Clinical and neuropathological findings are reported on a 48-year-old man who developed progressive bulbar palsy, muscle atrophy of four extremities, and hyperreflexia. Duration of the illness was about 19 months. Moderate personality changes were observed during his hospitalization.
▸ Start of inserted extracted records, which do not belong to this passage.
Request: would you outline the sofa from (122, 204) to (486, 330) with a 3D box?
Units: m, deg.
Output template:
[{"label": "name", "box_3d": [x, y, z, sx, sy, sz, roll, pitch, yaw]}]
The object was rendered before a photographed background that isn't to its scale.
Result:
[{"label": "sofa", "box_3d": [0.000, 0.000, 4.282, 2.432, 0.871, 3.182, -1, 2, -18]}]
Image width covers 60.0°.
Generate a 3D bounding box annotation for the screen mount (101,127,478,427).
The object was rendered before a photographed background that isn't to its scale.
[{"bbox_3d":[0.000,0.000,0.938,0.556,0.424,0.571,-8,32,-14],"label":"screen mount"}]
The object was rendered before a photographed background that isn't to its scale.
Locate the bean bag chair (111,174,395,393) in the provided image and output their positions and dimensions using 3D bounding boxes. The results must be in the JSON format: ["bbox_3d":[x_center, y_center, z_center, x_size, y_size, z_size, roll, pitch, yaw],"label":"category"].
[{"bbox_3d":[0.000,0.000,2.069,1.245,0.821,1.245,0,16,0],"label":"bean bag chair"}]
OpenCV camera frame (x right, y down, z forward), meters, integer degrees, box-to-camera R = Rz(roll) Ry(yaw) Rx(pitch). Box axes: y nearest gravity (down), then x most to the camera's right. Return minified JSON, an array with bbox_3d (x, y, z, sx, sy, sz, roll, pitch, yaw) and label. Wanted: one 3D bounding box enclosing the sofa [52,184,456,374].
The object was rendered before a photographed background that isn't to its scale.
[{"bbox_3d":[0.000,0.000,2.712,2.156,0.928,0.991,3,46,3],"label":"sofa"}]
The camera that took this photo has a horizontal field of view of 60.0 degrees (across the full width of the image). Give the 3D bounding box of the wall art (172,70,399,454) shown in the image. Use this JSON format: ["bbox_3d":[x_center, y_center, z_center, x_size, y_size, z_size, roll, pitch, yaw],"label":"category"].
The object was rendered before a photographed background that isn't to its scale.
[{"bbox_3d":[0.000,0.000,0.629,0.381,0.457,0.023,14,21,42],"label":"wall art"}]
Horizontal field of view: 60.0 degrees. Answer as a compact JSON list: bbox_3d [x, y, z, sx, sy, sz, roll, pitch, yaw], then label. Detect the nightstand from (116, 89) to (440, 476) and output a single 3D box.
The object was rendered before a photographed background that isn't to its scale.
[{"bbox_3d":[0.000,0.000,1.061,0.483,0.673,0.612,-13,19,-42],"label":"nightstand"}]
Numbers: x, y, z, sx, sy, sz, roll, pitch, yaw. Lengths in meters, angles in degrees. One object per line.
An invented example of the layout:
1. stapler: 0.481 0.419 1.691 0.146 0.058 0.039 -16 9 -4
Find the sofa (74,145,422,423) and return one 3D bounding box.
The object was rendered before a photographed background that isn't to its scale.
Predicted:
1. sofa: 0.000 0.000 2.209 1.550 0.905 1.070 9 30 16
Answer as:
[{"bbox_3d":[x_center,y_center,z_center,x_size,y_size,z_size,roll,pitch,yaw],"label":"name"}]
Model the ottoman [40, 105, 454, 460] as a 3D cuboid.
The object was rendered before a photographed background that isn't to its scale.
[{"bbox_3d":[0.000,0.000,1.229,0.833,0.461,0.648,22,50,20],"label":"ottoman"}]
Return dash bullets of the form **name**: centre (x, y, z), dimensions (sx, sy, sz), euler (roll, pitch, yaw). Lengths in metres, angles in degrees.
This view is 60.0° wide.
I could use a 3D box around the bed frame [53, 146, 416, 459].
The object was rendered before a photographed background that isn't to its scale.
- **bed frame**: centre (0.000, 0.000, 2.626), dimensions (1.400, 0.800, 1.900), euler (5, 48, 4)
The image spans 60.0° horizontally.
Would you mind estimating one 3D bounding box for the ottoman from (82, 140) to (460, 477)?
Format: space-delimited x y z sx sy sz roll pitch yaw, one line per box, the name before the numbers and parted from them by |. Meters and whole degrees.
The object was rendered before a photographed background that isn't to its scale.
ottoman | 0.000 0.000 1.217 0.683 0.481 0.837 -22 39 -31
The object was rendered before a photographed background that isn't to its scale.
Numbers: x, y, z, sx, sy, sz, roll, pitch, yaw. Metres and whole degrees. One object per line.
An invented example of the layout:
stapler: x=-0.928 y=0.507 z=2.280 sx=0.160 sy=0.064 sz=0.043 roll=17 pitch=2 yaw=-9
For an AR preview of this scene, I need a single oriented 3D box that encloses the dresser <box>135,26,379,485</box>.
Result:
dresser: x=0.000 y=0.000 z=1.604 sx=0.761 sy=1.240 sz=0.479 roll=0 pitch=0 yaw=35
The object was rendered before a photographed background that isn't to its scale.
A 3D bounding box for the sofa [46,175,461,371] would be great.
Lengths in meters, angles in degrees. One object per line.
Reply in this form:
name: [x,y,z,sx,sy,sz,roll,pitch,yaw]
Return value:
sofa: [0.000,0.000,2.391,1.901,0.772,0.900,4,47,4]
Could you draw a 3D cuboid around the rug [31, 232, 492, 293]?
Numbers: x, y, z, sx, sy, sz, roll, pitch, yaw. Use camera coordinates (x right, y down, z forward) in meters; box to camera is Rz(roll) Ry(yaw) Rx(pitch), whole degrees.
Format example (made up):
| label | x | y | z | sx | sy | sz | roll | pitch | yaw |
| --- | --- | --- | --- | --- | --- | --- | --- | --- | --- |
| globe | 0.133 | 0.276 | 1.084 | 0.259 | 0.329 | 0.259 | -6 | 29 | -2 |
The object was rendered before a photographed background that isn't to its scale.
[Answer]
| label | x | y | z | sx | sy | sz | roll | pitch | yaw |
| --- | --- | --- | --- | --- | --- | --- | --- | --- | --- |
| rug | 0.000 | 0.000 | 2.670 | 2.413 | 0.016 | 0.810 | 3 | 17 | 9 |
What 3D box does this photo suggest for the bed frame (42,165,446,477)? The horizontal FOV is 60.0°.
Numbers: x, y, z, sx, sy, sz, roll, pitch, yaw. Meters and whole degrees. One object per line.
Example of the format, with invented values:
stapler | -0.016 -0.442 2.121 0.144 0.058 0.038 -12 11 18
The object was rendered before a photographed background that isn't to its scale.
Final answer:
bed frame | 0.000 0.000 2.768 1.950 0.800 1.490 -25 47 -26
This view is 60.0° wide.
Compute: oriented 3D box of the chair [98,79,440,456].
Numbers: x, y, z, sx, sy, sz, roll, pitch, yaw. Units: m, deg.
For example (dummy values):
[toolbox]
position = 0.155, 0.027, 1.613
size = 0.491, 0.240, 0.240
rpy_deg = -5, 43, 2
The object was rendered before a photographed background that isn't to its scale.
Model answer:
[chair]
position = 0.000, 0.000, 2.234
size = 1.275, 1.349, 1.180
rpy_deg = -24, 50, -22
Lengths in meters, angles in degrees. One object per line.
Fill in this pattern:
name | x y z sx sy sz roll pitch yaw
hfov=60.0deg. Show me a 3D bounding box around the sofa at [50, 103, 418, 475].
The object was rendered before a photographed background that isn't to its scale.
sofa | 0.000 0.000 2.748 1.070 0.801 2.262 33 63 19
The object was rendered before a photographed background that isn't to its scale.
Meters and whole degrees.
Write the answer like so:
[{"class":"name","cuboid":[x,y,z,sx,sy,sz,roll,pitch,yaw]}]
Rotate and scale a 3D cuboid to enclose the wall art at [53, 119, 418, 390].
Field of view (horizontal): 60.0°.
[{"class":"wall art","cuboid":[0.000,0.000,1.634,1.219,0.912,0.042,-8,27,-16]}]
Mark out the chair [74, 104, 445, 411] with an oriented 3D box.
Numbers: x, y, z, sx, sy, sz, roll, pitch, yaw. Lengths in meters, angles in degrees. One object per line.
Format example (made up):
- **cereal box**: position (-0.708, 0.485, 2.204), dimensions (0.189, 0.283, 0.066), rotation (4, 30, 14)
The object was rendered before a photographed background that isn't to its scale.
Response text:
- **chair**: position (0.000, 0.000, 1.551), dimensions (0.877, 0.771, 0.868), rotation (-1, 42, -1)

Neuropathological examination revealed the presence of an ALS: severe loss of the large motoneurons in the spinal anterior horns, and degeneration of the corticospinal tract, more prominent on the left side. The hypoglossal, the facial, and the motor trigeminal nuclei were also involved, but the oculomotor, the trochlear and the abducens nuclei were well preserved. There was bilateral, but more pronounced on the right, atrophy of the temporal poles consistent with the lesions of the temporal types of Pick's disease. This case indicates the simultaneous occurrence of degenerative diseases of the CNS, and the correspondence of laterality between the temporal lobe and the spinal cord may suggest a common etiology of these two types of disease processes.
报告了一名48岁男性的临床和神经病理学检查结果,该患者出现进行性延髓麻痹、四肢肌肉萎缩和反射亢进。病程约19个月。住院期间观察到中度人格改变。神经病理学检查显示存在肌萎缩侧索硬化:脊髓前角大型运动神经元严重缺失,皮质脊髓束变性,左侧更明显。舌下神经核、面神经核和运动三叉神经核也受累,但动眼神经核、滑车神经核和展神经核保存完好。双侧颞极萎缩,但右侧更明显,与Pick病颞叶型病变一致。该病例表明中枢神经系统退行性疾病同时发生,颞叶和脊髓之间的偏侧性对应可能提示这两种疾病过程有共同的病因。